The trip took about one and three-quarter hours to climb up the Range, and one and a half hours to go down. The train carried logs, sawn timber, cream, pigs, calves, cattle, fruit, maize, sugar cane, cases of oranges and mandarins, and other produce down the Range. Timber was hauled up from the Obi Obi valley by horse teams, and then transferred to rail at the Mapleton Tramway Station.  

From Nambour, the tram brought up mail, orders from grocers, butchers and bakers, ice for ice chests and fertiliser for farmers. There were special carriages for passengers, the one-way fare in 1923 being 2/-. By 1943 the single fare had risen to only 2/6, and the trams ran at the same time every day except Sunday.  

The tram also operated a co-ordinated service with the North Coast Railway for an excursion from Brisbane once a month. Sometimes up to 250 people would make the train journey to Nambour and then transfer to the tram for a trip up the Range to spend three hours at Mapleton.  
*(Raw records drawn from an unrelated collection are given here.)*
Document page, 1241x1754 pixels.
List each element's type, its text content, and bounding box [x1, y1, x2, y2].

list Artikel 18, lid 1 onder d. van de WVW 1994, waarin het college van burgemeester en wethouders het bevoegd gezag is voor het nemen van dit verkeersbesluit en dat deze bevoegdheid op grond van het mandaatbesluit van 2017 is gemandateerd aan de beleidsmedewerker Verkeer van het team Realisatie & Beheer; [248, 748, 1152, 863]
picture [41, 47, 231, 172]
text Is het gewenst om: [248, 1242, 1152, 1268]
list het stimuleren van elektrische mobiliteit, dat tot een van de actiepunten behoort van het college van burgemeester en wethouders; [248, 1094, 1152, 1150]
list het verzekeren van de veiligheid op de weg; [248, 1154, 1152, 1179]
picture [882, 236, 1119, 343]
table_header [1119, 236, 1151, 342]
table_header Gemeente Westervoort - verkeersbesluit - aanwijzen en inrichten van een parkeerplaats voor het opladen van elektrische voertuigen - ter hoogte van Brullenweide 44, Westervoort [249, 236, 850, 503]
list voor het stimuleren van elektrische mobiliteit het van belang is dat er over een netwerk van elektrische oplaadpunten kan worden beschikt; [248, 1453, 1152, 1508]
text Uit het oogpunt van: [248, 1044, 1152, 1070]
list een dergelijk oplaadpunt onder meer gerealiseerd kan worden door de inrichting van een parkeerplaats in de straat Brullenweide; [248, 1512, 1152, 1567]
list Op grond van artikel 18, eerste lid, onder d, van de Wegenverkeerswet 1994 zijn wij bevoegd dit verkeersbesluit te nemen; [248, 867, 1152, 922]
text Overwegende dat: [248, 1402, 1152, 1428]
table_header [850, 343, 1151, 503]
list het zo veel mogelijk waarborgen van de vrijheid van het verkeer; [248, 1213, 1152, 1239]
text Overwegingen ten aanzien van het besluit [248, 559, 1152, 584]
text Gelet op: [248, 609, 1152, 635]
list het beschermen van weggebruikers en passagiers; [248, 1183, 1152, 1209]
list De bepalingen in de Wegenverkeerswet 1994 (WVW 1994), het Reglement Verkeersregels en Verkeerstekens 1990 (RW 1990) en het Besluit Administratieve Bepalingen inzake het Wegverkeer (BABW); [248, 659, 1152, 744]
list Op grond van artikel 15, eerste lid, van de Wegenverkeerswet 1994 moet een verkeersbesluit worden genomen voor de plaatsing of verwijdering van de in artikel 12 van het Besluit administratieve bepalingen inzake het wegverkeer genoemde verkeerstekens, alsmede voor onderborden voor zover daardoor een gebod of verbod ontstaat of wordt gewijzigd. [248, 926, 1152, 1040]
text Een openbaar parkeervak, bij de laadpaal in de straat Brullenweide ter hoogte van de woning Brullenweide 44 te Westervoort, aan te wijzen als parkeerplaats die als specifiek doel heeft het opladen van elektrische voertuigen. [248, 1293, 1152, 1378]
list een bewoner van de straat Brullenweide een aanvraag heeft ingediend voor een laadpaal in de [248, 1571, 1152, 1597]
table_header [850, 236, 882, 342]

Local legend has it that, as the tram wound its way laboriously up the grades at a walking pace, daring passengers had plenty of opportunity to jump off, make sorties into the nearby sugar cane fields or orchards in search of a piece of cane to chew or free fruit, and then leap back on board again. On such days, orchardists with fruit trees beside the tramway had to guard their crops. One farmer put up an impressive sign: "With God's help I grew these oranges. God help you if you touch them. Possibly these stories are apocryphal, as such activities would have been made difficult by the narrow embankments, cuttings, bridges and culverts, and the crew would likely have stopped the train to get the wanderers back on board. The speed of the train would have been such that leaping off and on would have been possible, nonetheless.
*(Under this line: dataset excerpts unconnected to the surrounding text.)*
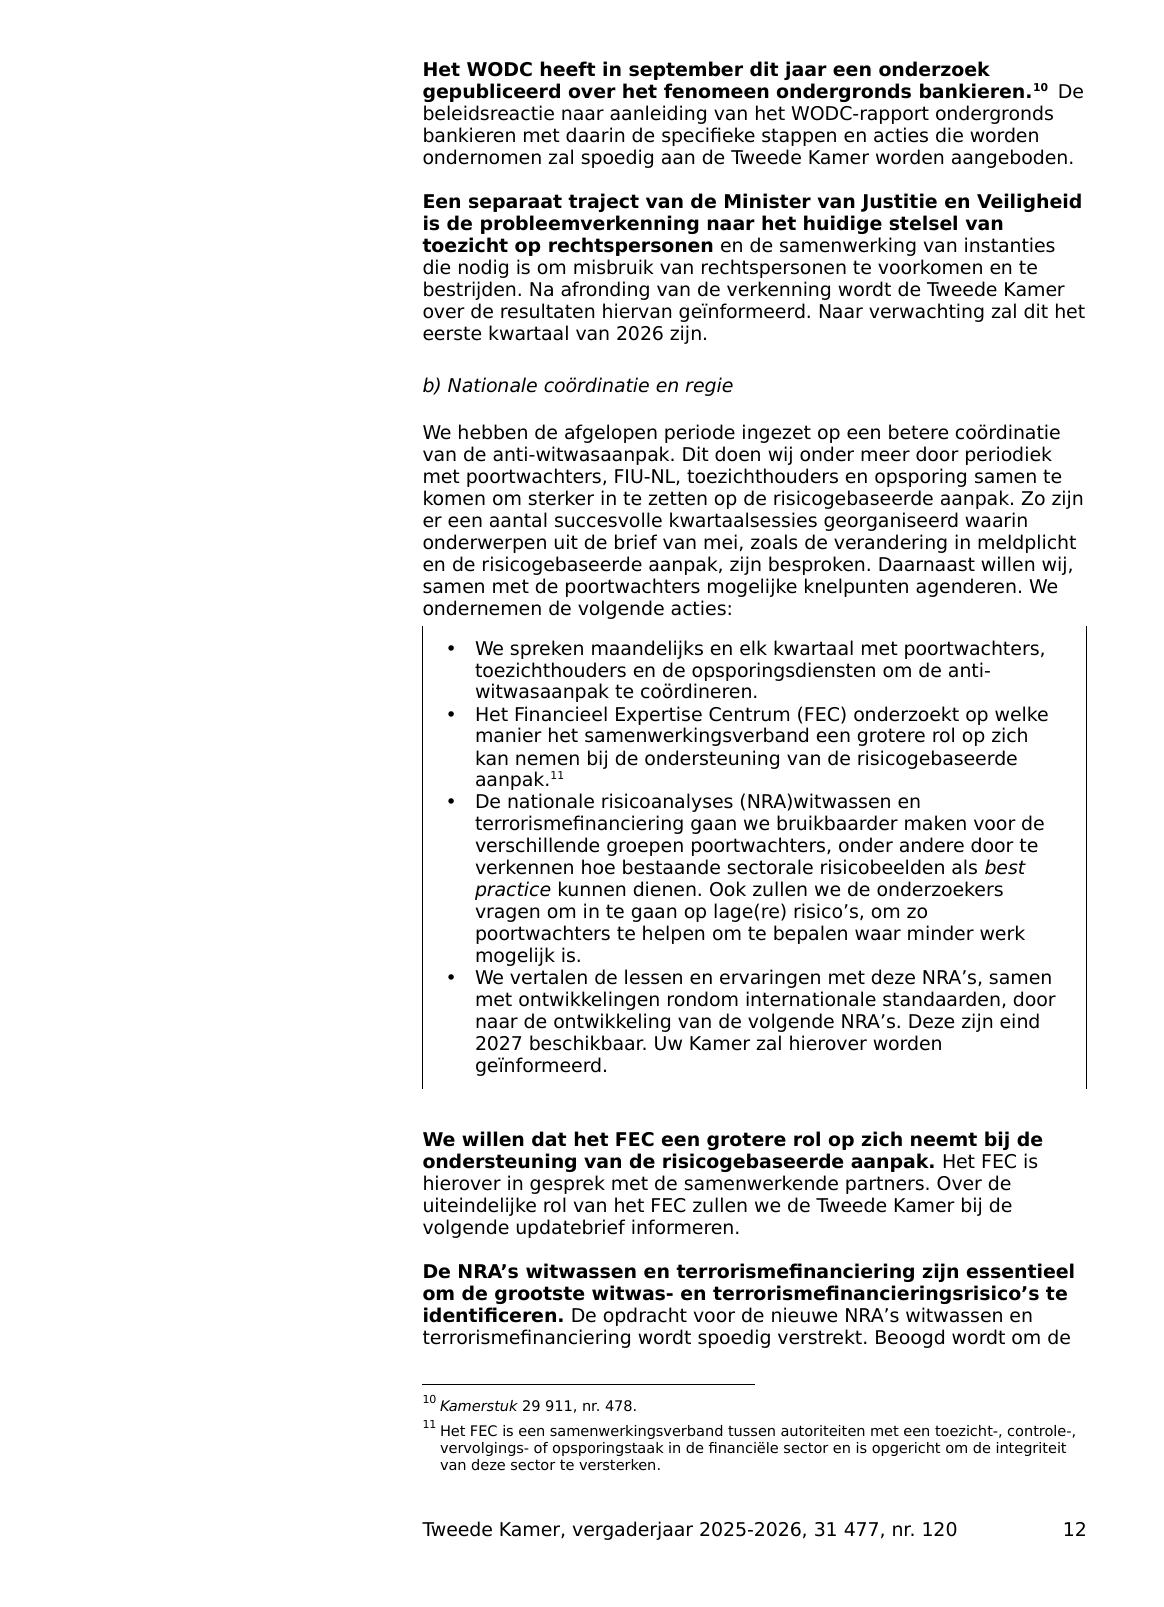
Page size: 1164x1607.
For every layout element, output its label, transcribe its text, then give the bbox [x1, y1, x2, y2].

text We willen dat het FEC een grotere rol op zich neemt bij de ondersteuning van de risicogebaseerde aanpak. Het FEC is hierover in gesprek met de samenwerkende partners. Over de uiteindelijke rol van het FEC zullen we de Tweede Kamer bij de volgende updatebrief informeren. [422, 1129, 1087, 1239]
text We hebben de afgelopen periode ingezet op een betere coördinatie van de anti-witwasaanpak. Dit doen wij onder meer door periodiek met poortwachters, FIU-NL, toezichthouders en opsporing samen te komen om sterker in te zetten op de risicogebaseerde aanpak. Zo zijn er een aantal succesvolle kwartaalsessies georganiseerd waarin onderwerpen uit de brief van mei, zoals de verandering in meldplicht en de risicogebaseerde aanpak, zijn besproken. Daarnaast willen wij, samen met de poortwachters mogelijke knelpunten agenderen. We ondernemen de volgende acties: [422, 422, 1087, 620]
subtitle b) Nationale coördinatie en regie [422, 375, 1087, 397]
text Kamerstuk 29 911, nr. 478. [422, 1393, 1087, 1416]
text Het WODC heeft in september dit jaar een onderzoek gepubliceerd over het fenomeen ondergronds bankieren. De beleidsreactie naar aanleiding van het WODC-rapport ondergronds bankieren met daarin de specifieke stappen en acties die worden ondernomen zal spoedig aan de Tweede Kamer worden aangeboden. [422, 59, 1087, 169]
text Een separaat traject van de Minister van Justitie en Veiligheid is de probleemverkenning naar het huidige stelsel van toezicht op rechtspersonen en de samenwerking van instanties die nodig is om misbruik van rechtspersonen te voorkomen en te bestrijden. Na afronding van de verkenning wordt de Tweede Kamer over de resultaten hiervan geïnformeerd. Naar verwachting zal dit het eerste kwartaal van 2026 zijn. [422, 191, 1087, 345]
table_header • We spreken maandelijks en elk kwartaal met poortwachters, toezichthouders en de opsporingsdiensten om de anti-witwasaanpak te coördineren. • Het Financieel Expertise Centrum (FEC) onderzoekt op welke manier het samenwerkingsverband een grotere rol op zich kan nemen bij de ondersteuning van de risicogebaseerde aanpak. • De nationale risicoanalyses (NRA)witwassen en terrorismefinanciering gaan we bruikbaarder maken voor de verschillende groepen poortwachters, onder andere door te verkennen hoe bestaande sectorale risicobeelden als best practice kunnen dienen. Ook zullen we de onderzoekers vragen om in te gaan op lage(re) risico’s, om zo poortwachters te helpen om te bepalen waar minder werk mogelijk is. • We vertalen de lessen en ervaringen met deze NRA’s, samen met ontwikkelingen rondom internationale standaarden, door naar de ontwikkeling van de volgende NRA’s. Deze zijn eind 2027 beschikbaar. Uw Kamer zal hierover worden geïnformeerd. [423, 626, 1086, 1089]
text De NRA’s witwassen en terrorismefinanciering zijn essentieel om de grootste witwas- en terrorismefinancieringsrisico’s te identificeren. De opdracht voor de nieuwe NRA’s witwassen en terrorismefinanciering wordt spoedig verstrekt. Beoogd wordt om de [422, 1261, 1087, 1349]

When they arrived at their destination, passengers could travel by local transport to the Mapleton Falls and other vantage points along the Range, to enjoy the scenic beauty and grandeur of the district. Orchards around the town and on the way to the Falls were also raided by hungry tourists. Visitors  could also  walk up past the hotel to 'The Front', to admire the views down the valleys to the Pacific Ocean. At Mapleton, school children made pocket money by selling staghorns, ferns and similar plants from the forest to the tourists. Prices tended to fall as the tram's departure time approached, and late-buying tourists found that they could purchase staghorns and elkhorns for 3d. each.  

Shortly before Christmas each year, the Moreton Central Mill would organise a 'Harvest Home' picnic to celebrate the end of the crushing. On these occasions, a cane train would convey mill staff and their families to a suitable venue. A locomotive would have as many as twelve flat cane trucks attached, fitted with temporary seats so that each truck could accommodate ten people.

 

Photograph courtesy Sunshine Coast Libraries  

There is displayed in the Mapleton Tavern a well-known photograph (above) showing one of these excursions, hauled by a Shay, with Mapleton claimed as the destination. There are over 100 passengers on board, riding on benches bolted to ten cane trucks. If this excursion was held after 1915, the Mill would have had to hire the locomotive from the Shire Council. As the cane trucks had no brakes (except for some left over from horse-haulage days equipped with hand brakes), the stopping power of the train depended solely on the locomotive's steam brake or its own hand brake. In an emergency, the driver could pull his Johnson bar right back and put on steam to reverse the rotation of the driving wheels, this being a common practice on early steam trains with unbraked rolling stock. Bearing these facts in mind, if such excursions were conducted on our steeply graded lines, then they were decidedly risky to say the least, especially at a point on the Highworth Range where the line clung to the side of a deep gorge. That there were no train runaways with catastrophic results was due more to good luck than good management.